Encryption is the encoding of information such that only authorized parties may access it at the messages final destination. One of the earliest examples of encryption and the most cited in literature on the subject is the Caesar cipher, a substitution cipher where each letter of a message is shifted 3 characters.
The Caesar cipher relied more on the secrecy of the method of encryption rather than the key, and can easily be cracked by observing the frequency of the letters.

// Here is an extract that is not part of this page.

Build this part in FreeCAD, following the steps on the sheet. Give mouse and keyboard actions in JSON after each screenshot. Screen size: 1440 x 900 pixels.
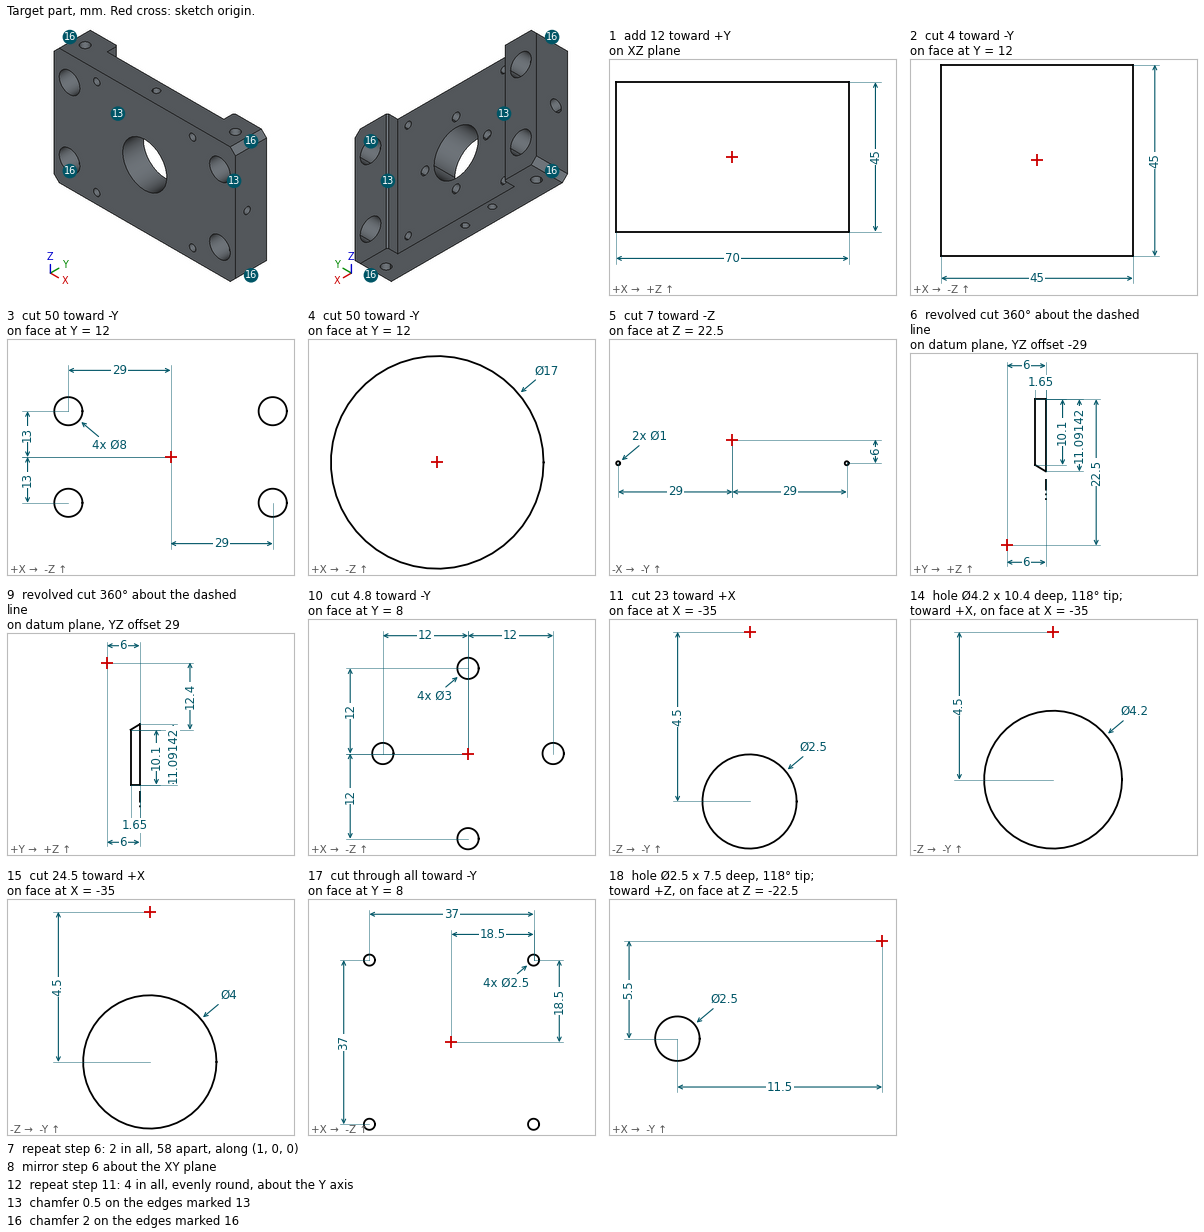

In the 20th century, notable uses of encryption and - more pertinently - codebreaking have had major historical impacts. This includes the Zimmerman telegram of World War I, in which Germany urged Mexico to invade the United States if Washington were to join the war against it. The ability of the British to break the German code and the leaking of the contents of the telegram was instrumental in turning American public opinion against Germany and lead to the US entering the war on the side of the Allies.
Later, during World War Two, a British team led by mathematician Alan Turing broke Germany's Enigma code. By some estimates this shortened the war by two years and saved 12 million lives.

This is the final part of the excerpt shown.